→ **REQUIRED ACTION**
Copy, from the data below, every line that has "description" in it.

MATERIAL FOR THIS EXERCISE START

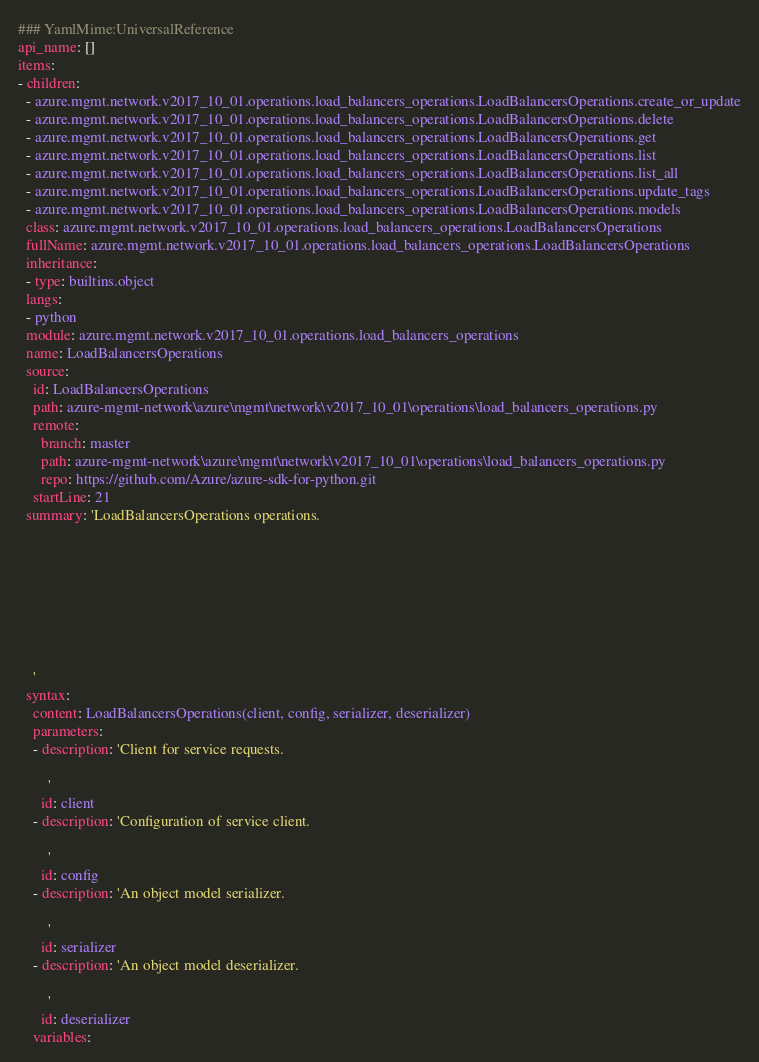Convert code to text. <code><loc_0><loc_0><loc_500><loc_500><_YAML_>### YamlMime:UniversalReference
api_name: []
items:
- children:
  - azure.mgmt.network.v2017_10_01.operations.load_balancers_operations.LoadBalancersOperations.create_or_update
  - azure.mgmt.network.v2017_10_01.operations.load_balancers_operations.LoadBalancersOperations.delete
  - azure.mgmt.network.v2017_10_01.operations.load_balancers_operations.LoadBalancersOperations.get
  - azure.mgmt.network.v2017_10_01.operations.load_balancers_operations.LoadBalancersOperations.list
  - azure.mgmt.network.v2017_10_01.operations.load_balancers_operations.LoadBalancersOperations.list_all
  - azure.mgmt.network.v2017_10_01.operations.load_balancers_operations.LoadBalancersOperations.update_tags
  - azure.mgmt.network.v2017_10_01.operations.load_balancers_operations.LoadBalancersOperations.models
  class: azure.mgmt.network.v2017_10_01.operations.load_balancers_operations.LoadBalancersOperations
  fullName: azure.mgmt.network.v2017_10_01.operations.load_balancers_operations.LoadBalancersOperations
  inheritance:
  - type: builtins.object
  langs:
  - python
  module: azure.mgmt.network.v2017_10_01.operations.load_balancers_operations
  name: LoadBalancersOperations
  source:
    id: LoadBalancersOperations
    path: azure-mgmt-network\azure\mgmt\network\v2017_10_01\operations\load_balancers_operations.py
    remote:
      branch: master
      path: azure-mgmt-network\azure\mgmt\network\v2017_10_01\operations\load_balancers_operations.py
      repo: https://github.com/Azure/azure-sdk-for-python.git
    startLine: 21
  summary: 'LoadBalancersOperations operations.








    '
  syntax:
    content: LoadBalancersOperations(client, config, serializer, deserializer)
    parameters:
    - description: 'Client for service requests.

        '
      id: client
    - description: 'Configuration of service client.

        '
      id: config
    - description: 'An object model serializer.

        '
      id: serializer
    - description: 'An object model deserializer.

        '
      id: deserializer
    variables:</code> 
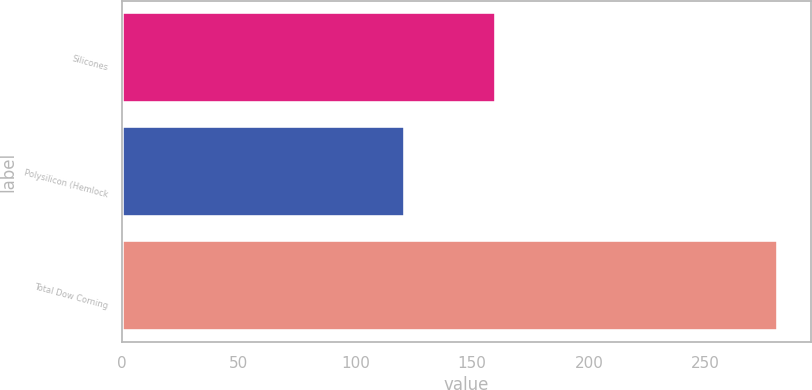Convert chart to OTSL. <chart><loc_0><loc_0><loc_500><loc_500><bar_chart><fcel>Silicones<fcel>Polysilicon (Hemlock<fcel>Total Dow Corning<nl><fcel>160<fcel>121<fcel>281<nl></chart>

MATERIAL FOR THIS EXERCISE END

→ **TASK RESULT**
    - description: 'Client for service requests.
    - description: 'Configuration of service client.
    - description: 'An object model serializer.
    - description: 'An object model deserializer.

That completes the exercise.